Resource Planning
It is important to plan computing and storage resources if using TDengine to build an IoT, time-series or Big Data platform. How to plan the CPU, memory and disk resources required, will be described in this chapter.
Server Memory Requirements
Each database creates a fixed number of vgroups. This number is 2 by default and can be configured with the vgroups
parameter. The number of replicas can be controlled with the replica
parameter. Each replica requires one vnode per vgroup. Altogether, the memory required by each database depends on the following configuration options:
- vgroups
- replica
- buffer
- pages
- pagesize
- cachesize
For more information, see Database.
The memory required by a database is therefore greater than or equal to:
vgroups * replica * (buffer + pages * pagesize + cachesize)
However, note that this requirement is spread over all dnodes in the cluster, not on a single physical machine. The physical servers that run dnodes meet the requirement together. If a cluster has multiple databases, the memory required increases accordingly. In complex environments where dnodes were added after initial deployment in response to increasing resource requirements, load may not be balanced among the original dnodes and newer dnodes. In this situation, the actual status of your dnodes is more important than theoretical calculations.
Client Memory Requirements
For the client programs using TDengine client driver taosc
to connect to the server side there is a memory requirement as well.
The memory consumed by a client program is mainly about the SQL statements for data insertion, caching of table metadata, and some internal use. Assuming maximum number of tables is N (the memory consumed by the metadata of each table is 256 bytes), maximum number of threads for parallel insertion is T, maximum length of a SQL statement is S (normally 1 MB), the memory required by a client program can be estimated using the below formula:
M = (T * S * 3 + (N / 4096) + 100)
For example, if the number of parallel data insertion threads is 100, total number of tables is 10,000,000, then the minimum memory requirement of a client program is:
100 * 3 + (10000000 / 4096) + 100 = 2741 (MBytes)
So, at least 3GB needs to be reserved for such a client.
CPU Requirement
The CPU resources required depend on two aspects:
- Data Insertion Each dnode of TDengine can process at least 10,000 insertion requests in one second, while each insertion request can have multiple rows. The difference in computing resource consumed, between inserting 1 row at a time, and inserting 10 rows at a time is very small. So, the more the number of rows that can be inserted one time, the higher the efficiency. If each insert request contains more than 200 records, a single core can process more than 1 million records per second.

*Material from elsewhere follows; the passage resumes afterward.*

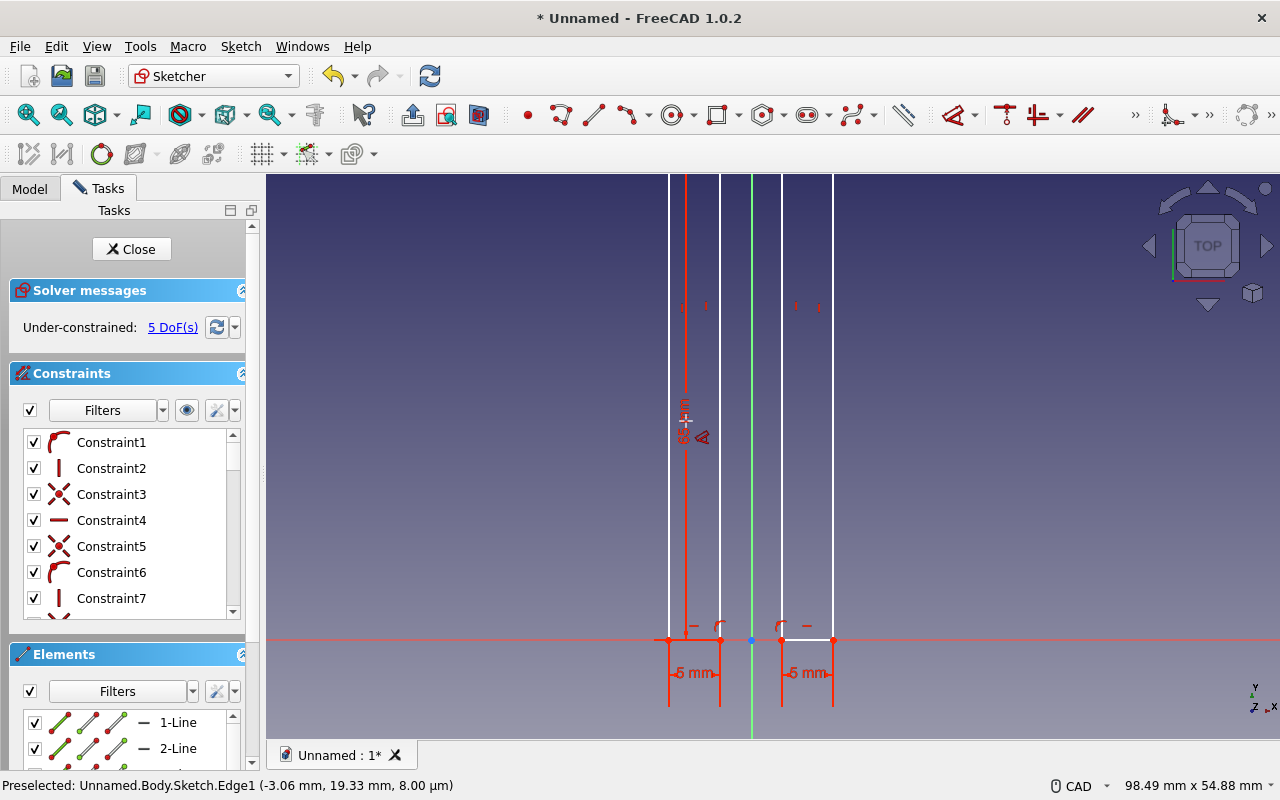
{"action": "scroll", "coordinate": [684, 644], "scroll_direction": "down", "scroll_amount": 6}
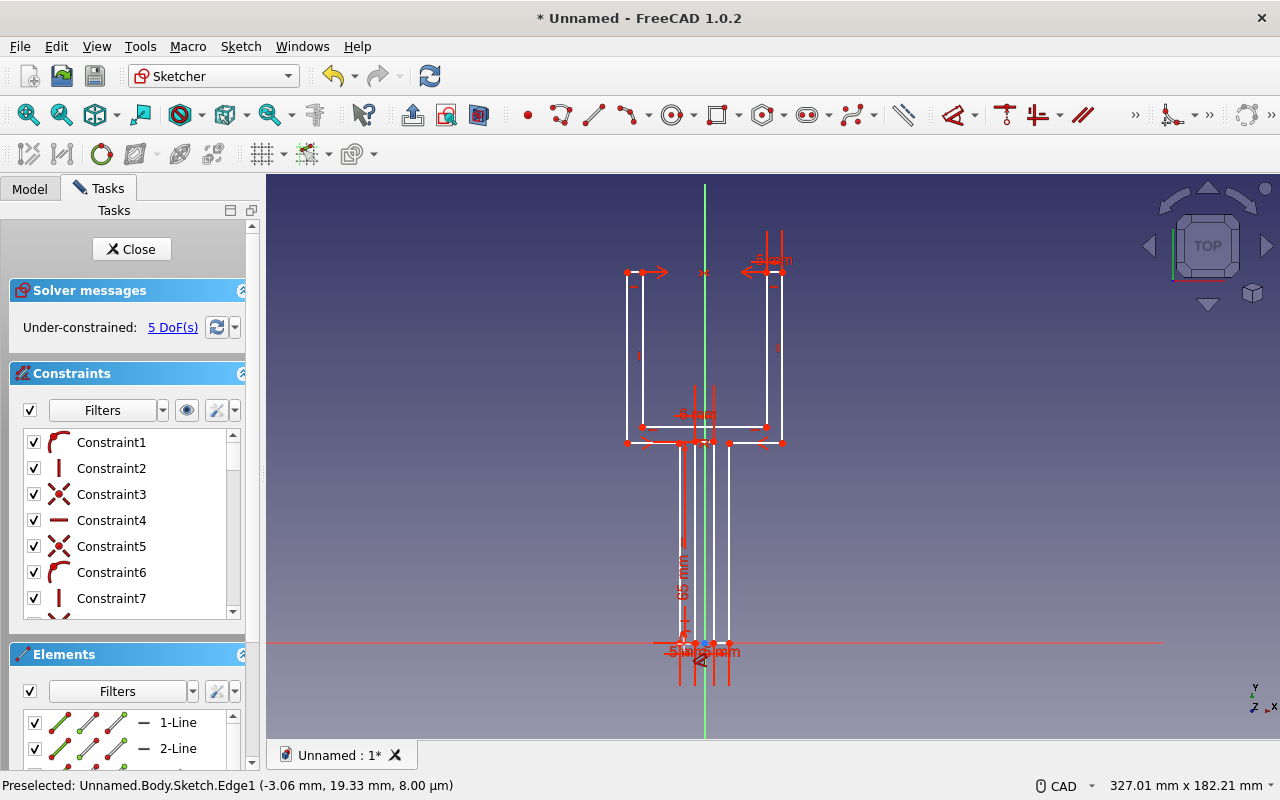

Inserting in batch also imposes requirements on the client side which needs to cache rows to insert in batch once the number of cached rows reaches a threshold.
- Data Query High efficiency query is provided in TDengine, but it’s hard to estimate the CPU resource required because the queries used in different use cases and the frequency of queries vary significantly. It can only be verified with the query statements, query frequency, data size to be queried, and other requirements provided by users.
In short, the CPU resource required for data insertion can be estimated but it’s hard to do so for query use cases. If possible, ensure that CPU usage remains below 50%. If this threshold is exceeded, it’s a reminder for system operator to add more nodes in the cluster to expand resources.
Disk Requirement
The compression ratio in TDengine is much higher than that in RDBMS. In most cases, the compression ratio in TDengine is bigger than 5, or even 10 in some cases, depending on the characteristics of the original data. The data size before compression can be calculated based on below formula:
Raw DataSize = numOfTables * rowSizePerTable * rowsPerTable
For example, there are 10,000,000 meters, while each meter collects data every 15 minutes and the data size of each collection is 128 bytes, so the raw data size of one year is: 10000000 * 128 * 24 * 60 / 15 * 365 = 44.8512(TB). Assuming compression ratio is 5, the actual disk size is: 44.851 / 5 = 8.97024(TB).
Parameter keep
can be used to set how long the data will be kept on disk. To further reduce storage cost, multiple storage levels can be enabled in TDengine, with the coldest data stored on the cheapest storage device. This is completely transparent to application programs.
To increase performance, multiple disks can be setup for parallel data reading or data inserting. Please note that an expensive disk array is not necessary because replications are used in TDengine to provide high availability.
Number of Hosts
A host can be either physical or virtual. The total memory, total CPU, total disk required can be estimated according to the formulae mentioned previously. If the number of data replicas is not 1, the required resources are multiplied by the number of replicas.
Then, according to the system resources that a single host can provide, assuming all hosts have the same resources, the number of hosts can be derived easily.